### Task goal
Your task is to copy every line below that contains the word "dimension".

******************************

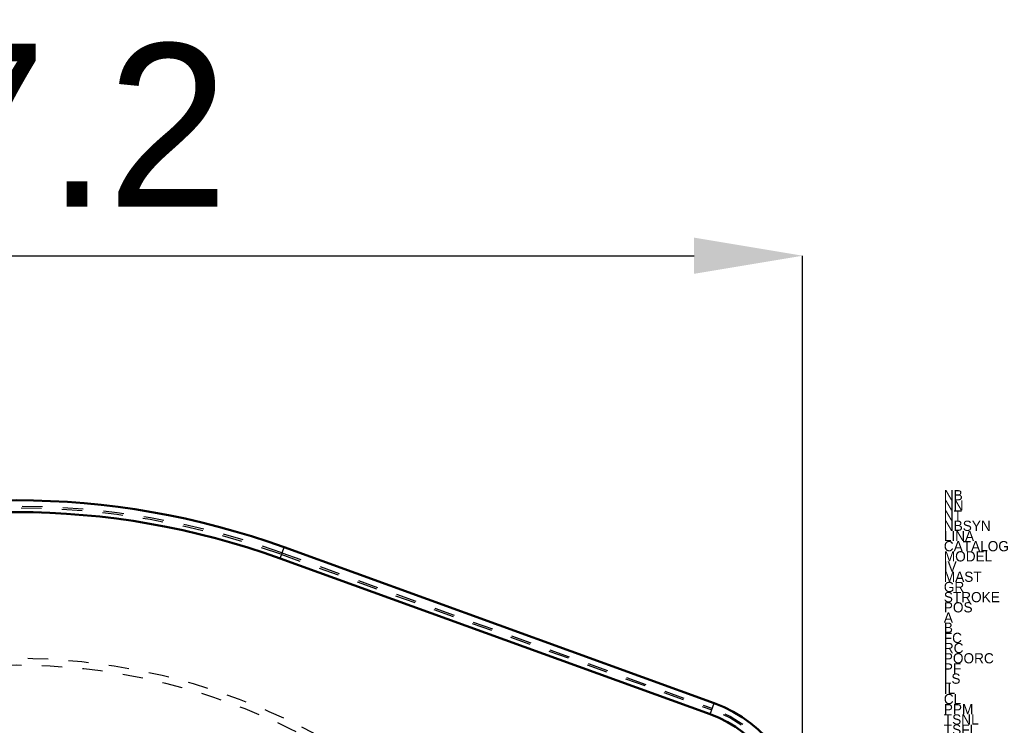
# Model space of a CAD drawing. Header units: millimetres. Extents: x -2 to 963, y 0 to 312.
# Tile 12 of 12: x 915 to 963, y 265 to 300. Entities that reach past the tile are written whole.
import ezdxf

# ---------------------------------------------------------------- set-up
doc = ezdxf.new("R2010")
doc.units = ezdxf.units.MM
doc.linetypes.add('Dashed', pattern=[2, 1, -1])
for name, color, linetype, lineweight in [('am_0', 7, 'Continuous', 50), ('am_12', 3, 'Continuous', 25), ('am_3', 6, 'Dashed', 25), ('am_6', 2, 'Continuous', 35), ('am_8', 3, 'Continuous', 25)]:
    doc.layers.add(name, color=color, linetype=linetype, lineweight=lineweight)
doc.dimstyles.new('ISO-25', dxfattribs={"dimtxt": 2.5, "dimasz": 2.5, "dimexe": 1.25, "dimexo": 0.625, "dimtad": 1, "dimtxsty": 'Standard', "dimcen": 2.5, "dimadec": 0, "dimazin": 0, "dimtfac": 1, "dimtmove": 0, "dimatfit": 3, "dimfxl": 1, "dimarcsym": 0})

# ---------------------------------------------------------------- blocks, each defined once
blk = doc.blocks.new('6_ID1012G5A404570000L5000T_0_in_ID10K_12_G4A_40_457_0000L50_0__1000')
at = {"layer": 'am_0'}
for p, q in [((928.012, 273.764), (949.13, 266.117)), ((927.815, 273.218), (948.933, 265.572))]:
    blk.add_line(p, q, dxfattribs=at)
for centre, radius, start, end in [((914.87, 237.47), 38.6, 70.0945, 109.9055), ((914.87, 237.47), 38.02, 70.0945, 109.9055), ((946.89, 259.93), 6.58, 0, 70.0945), ((946.89, 259.93), 6, 360, 70.0945)]:
    blk.add_arc(centre, radius, start, end, dxfattribs=at)
at = {"layer": 'am_12'}
for p, q in [((927.815, 273.218), (928.012, 273.764)), ((948.933, 265.572), (949.13, 266.117))]:
    blk.add_line(p, q, dxfattribs=at)
at = {"layer": 'am_3'}
for p, q in [((948.955, 265.574), (927.76, 273.217)), ((927.818, 273.229), (948.937, 265.582)), ((927.845, 273.426), (949.005, 265.79)), ((927.895, 273.498), (949.01, 265.864))]:
    blk.add_line(p, q, dxfattribs=at)
for centre, radius, start, end in [((914.87, 237.47), 38.31, 70.1238, 109.8762), ((914.87, 237.47), 38.225, 70.1582, 109.8418), ((914.87, 237.47), 38.031, 70.0945, 109.9055), ((914.87, 237.47), 38, 70.1714, 109.8286), ((914.87, 237.47), 30.838, 42.5197, 137.4803), ((914.87, 237.469), 30.507, 40.7098, 139.2902), ((946.865, 259.93), 6.31, 360, 70.1238), ((946.89, 259.93), 6.011, 360, 70.0945), ((946.92, 259.93), 6, 360, 70.1714), ((946.89, 259.93), 6.23, 359.9852, 70.1582)]:
    blk.add_arc(centre, radius, start, end, dxfattribs=at)
at = {"layer": 'am_6'}
for tag, p, flags in [('NB', (960.4, 276.07), 8), ('NN', (960.4, 275.57), 8), ('NT', (960.4, 275.07), 8), ('NBSYN', (960.4, 274.57), 8), ('LINA', (960.4, 274.07), 8), ('CATALOG', (960.4, 273.57), 8), ('MODEL', (960.4, 273.07), 8), ('IV', (960.4, 272.57), 8), ('MAST', (960.4, 272.07), 8), ('GR', (960.4, 271.57), 8), ('STROKE', (960.4, 271.07), 8), ('POS', (960.4, 270.57), 8), ('FC', (960.4, 270.07), 8), ('RC', (960.4, 269.57), 8), ('POORC', (960.4, 269.07), 8), ('PF', (960.4, 268.57), 8), ('LS', (960.4, 268.07), 8), ('IL', (960.4, 267.57), 8), ('OPTION', (960.4, 267.07), 8), ('CL', (960.4, 266.57), 8), ('TEXT', (960.4, 266.07), 8), ('PSOL_0', (960.4, 265.07), 9), ('PSOL_1', (960.4, 264.57), 9), ('PSOL_2', (960.4, 264.07), 9), ('PSOL_3', (960.4, 263.57), 9), ('PSOL_4', (960.4, 263.07), 9)]:
    blk.add_attdef(tag, p, '', height=0.5, dxfattribs=dict(at, flags=flags))
blk = doc.blocks.new('*D16')
at = {"layer": 'am_8', "color": 0, "lineweight": -2}
for p, q in [((876.27, 259.93), (876.27, 288.07)), ((881.603, 288.07), (948.137, 288.07)), ((953.47, 259.93), (953.47, 288.07))]:
    blk.add_line(p, q, dxfattribs=at)
at = {"layer": 'am_8', "color": 0}
for points in [[(881.603, 288.959), (881.603, 287.181), (876.27, 288.07)], [(948.137, 287.181), (948.137, 288.959), (953.47, 288.07)]]:
    blk.add_solid(points, dxfattribs=at)
at = {"layer": 'Defpoints', "color": 0}
for p in [(953.47, 284.07), (876.27, 259.93), (953.47, 259.93)]:
    blk.add_point(p, dxfattribs=at)
at = {"layer": 'am_8', "color": 0, "insert": (914.87, 294.47), "char_height": 8, "attachment_point": 5}
blk.add_mtext('77.2', dxfattribs=at)

msp = doc.modelspace()

# ---------------------------------------------------------------- block references
msp.add_blockref('6_ID1012G5A404570000L5000T_0_in_ID10K_12_G4A_40_457_0000L50_0__1000', (0, 0))

# ---------------------------------------------------------------- texts
at = {"layer": 'am_6', "flags": 8}
for tag, p, s in [('NB', (960.4, 276.07), 'ID10K-12-G4A-40-457-0000L50(0)'), ('NN', (960.4, 275.57), 'ID10K'), ('NT', (960.4, 275.07), 'Actuator'), ('NBSYN', (960.4, 274.57), '$CNSORDERNO.($POS.)'), ('LINA', (960.4, 274.07), 'ID10K-12-G4A-40-457-0000L50'), ('CATALOG', (960.4, 273.57), 'MOTECK'), ('MODEL', (960.4, 273.07), 'ID10K'), ('IV', (960.4, 272.57), '12: 12V DC'), ('MAST', (960.4, 272.07), 'G4A: 4500rpm / 4mm pitch / ACME screw'), ('GR', (960.4, 271.57), '40: 40:1'), ('STROKE', (960.4, 271.07), '457: 457mm (18”)'), ('POS', (960.4, 270.57), '0'), ('A', (960.4, 270.07), '765'), ('B', (960.4, 269.57), '1222'), ('FC', (960.4, 269.07), '0: Standard'), ('RC', (960.4, 268.57), '0: Standard'), ('POORC', (960.4, 268.07), '0: 0° (Standard)'), ('PF', (960.4, 267.57), '0: None'), ('LS', (960.4, 267.07), 'L: Limit switches'), ('IL', (960.4, 266.57), '5: IP65(Standard)'), ('CL', (960.4, 266.07), '0: 250mm straight'), ('PPM', (960.4, 265.57), '7000'), ('TSNL', (960.4, 265.07), '7'), ('TSFL', (960.4, 264.57), '5.5')]:
    msp.add_attdef(tag, p, s, height=0.5, dxfattribs=at)

# ---------------------------------------------------------------- dimensions: what is measured, and where the dimension line sits
at = {"layer": 'am_8'}
dim = msp.add_linear_dim(base=(953.47, 288.07), p1=(876.27, 259.93), p2=(953.47, 259.93), text='77.2', dimstyle='ISO-25', override={"dimtxt": 8, "dimasz": 5.333333, "dimexe": 0, "dimexo": 0, "dimgap": 2.4}, dxfattribs=at)
dim.commit()
dim.dimension.update_dxf_attribs({"geometry": '*D16', "text_midpoint": (914.87, 288.07), "dimtype": 160})

doc.saveas('drawing.dxf')

******************************

### Solved exercise
# ---------------------------------------------------------------- dimensions: what is measured, and where the dimension line sits
dim.dimension.update_dxf_attribs({"geometry": '*D16', "text_midpoint": (914.87, 288.07), "dimtype": 160})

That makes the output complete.